By late last week, outrage ran sufficiently high in the politically well-connected Iranian-American community that the Justice Department flew a representative in from Sacramento. At a meeting at the airport Hilton last Thursday, Stephen Thom, a federal mediator with the Community Relations Service of the Department of Justice, did his best to reassure about 40 variously frustrated and irate Iranian-Americans. “I don’t think there was any intention on the part of INS to say that you‘re not welcome,” Thom said. “You’ve reacted to requests to come and register by INS and voluntarily overwhelmed the system . . . You‘re to be commended for that.
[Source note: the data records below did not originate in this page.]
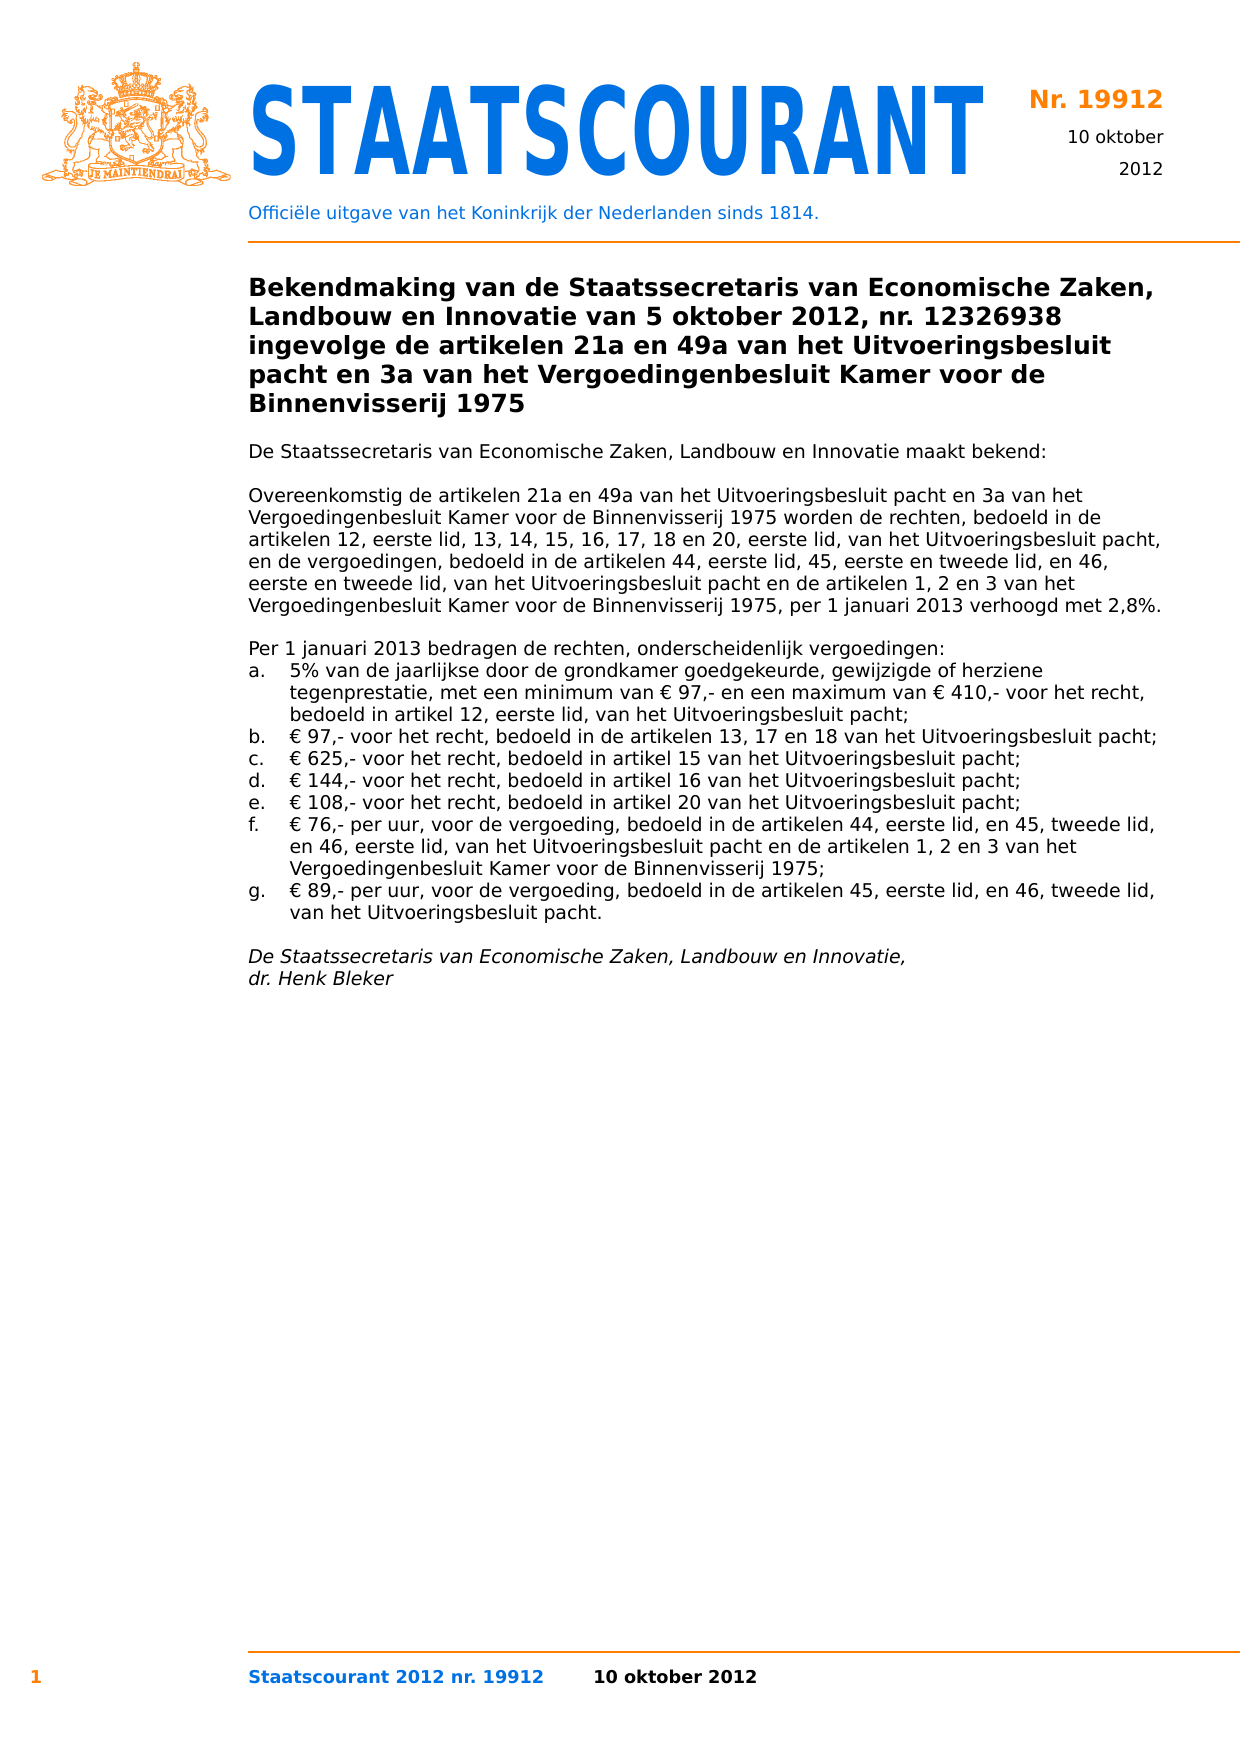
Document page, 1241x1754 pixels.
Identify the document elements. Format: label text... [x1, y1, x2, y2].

text b. € 97,- voor het recht, bedoeld in de artikelen 13, 17 en 18 van het Uitvoeringsbesluit pacht; [248, 726, 1163, 748]
text De Staatssecretaris van Economische Zaken, Landbouw en Innovatie maakt bekend: [248, 441, 1163, 463]
subtitle Bekendmaking van de Staatssecretaris van Economische Zaken, Landbouw en Innovatie van 5 oktober 2012, nr. 12326938 ingevolge de artikelen 21a en 49a van het Uitvoeringsbesluit pacht en 3a van het Vergoedingenbesluit Kamer voor de Binnenvisserij 1975 [248, 273, 1163, 419]
table_header [25, 62, 248, 241]
text d. € 144,- voor het recht, bedoeld in artikel 16 van het Uitvoeringsbesluit pacht; [248, 770, 1163, 792]
text Overeenkomstig de artikelen 21a en 49a van het Uitvoeringsbesluit pacht en 3a van het Vergoedingenbesluit Kamer voor de Binnenvisserij 1975 worden de rechten, bedoeld in de artikelen 12, eerste lid, 13, 14, 15, 16, 17, 18 en 20, eerste lid, van het Uitvoeringsbesluit pacht, en de vergoedingen, bedoeld in de artikelen 44, eerste lid, 45, eerste en tweede lid, en 46, eerste en tweede lid, van het Uitvoeringsbesluit pacht en de artikelen 1, 2 en 3 van het Vergoedingenbesluit Kamer voor de Binnenvisserij 1975, per 1 januari 2013 verhoogd met 2,8%. [248, 484, 1163, 616]
table_header STAATSCOURANT [248, 62, 998, 203]
table_cell Officiële uitgave van het Koninkrijk der Nederlanden sinds 1814. [248, 203, 1240, 241]
text c. € 625,- voor het recht, bedoeld in artikel 15 van het Uitvoeringsbesluit pacht; [248, 748, 1163, 770]
table_cell 10 oktober [998, 121, 1240, 153]
text Per 1 januari 2013 bedragen de rechten, onderscheidenlijk vergoedingen: [248, 638, 1163, 660]
text a. 5% van de jaarlijkse door de grondkamer goedgekeurde, gewijzigde of herziene tegenprestatie, met een minimum van € 97,- en een maximum van € 410,- voor het recht, bedoeld in artikel 12, eerste lid, van het Uitvoeringsbesluit pacht; [248, 660, 1163, 726]
text g. € 89,- per uur, voor de vergoeding, bedoeld in de artikelen 45, eerste lid, en 46, tweede lid, van het Uitvoeringsbesluit pacht. [248, 880, 1163, 924]
picture [41, 62, 231, 186]
table_header Nr. 19912 [998, 62, 1240, 121]
text De Staatssecretaris van Economische Zaken, Landbouw en Innovatie, dr. Henk Bleker [248, 946, 1163, 990]
table_cell 2012 [998, 153, 1240, 203]
text f. € 76,- per uur, voor de vergoeding, bedoeld in de artikelen 44, eerste lid, en 45, tweede lid, en 46, eerste lid, van het Uitvoeringsbesluit pacht en de artikelen 1, 2 en 3 van het Vergoedingenbesluit Kamer voor de Binnenvisserij 1975; [248, 814, 1163, 880]
text e. € 108,- voor het recht, bedoeld in artikel 20 van het Uitvoeringsbesluit pacht; [248, 792, 1163, 814]

”I understand that there have been some demonstrations and some marches,“ Thom went on, referring to the 3,000 protesters who rallied in front of the Westwood Federal Building last Wednesday. He warned of the ”negative effect“ such displays of discontent can have. ”It makes other people think you don’t want to be here. I think we need to look at what is the impact of open, glaring challenges to our system.“

Many of the Iranians in attendance -- relaying tales of humiliating arrests, of elderly men being strip-searched by guards, of detainees in Lancaster spending hours exposed to the high-desert cold -- were unimpressed. ”Who‘s going to answer to the insult they did to us?“ demanded Parvin Shahidi, whose husband spent the weekend behind bars.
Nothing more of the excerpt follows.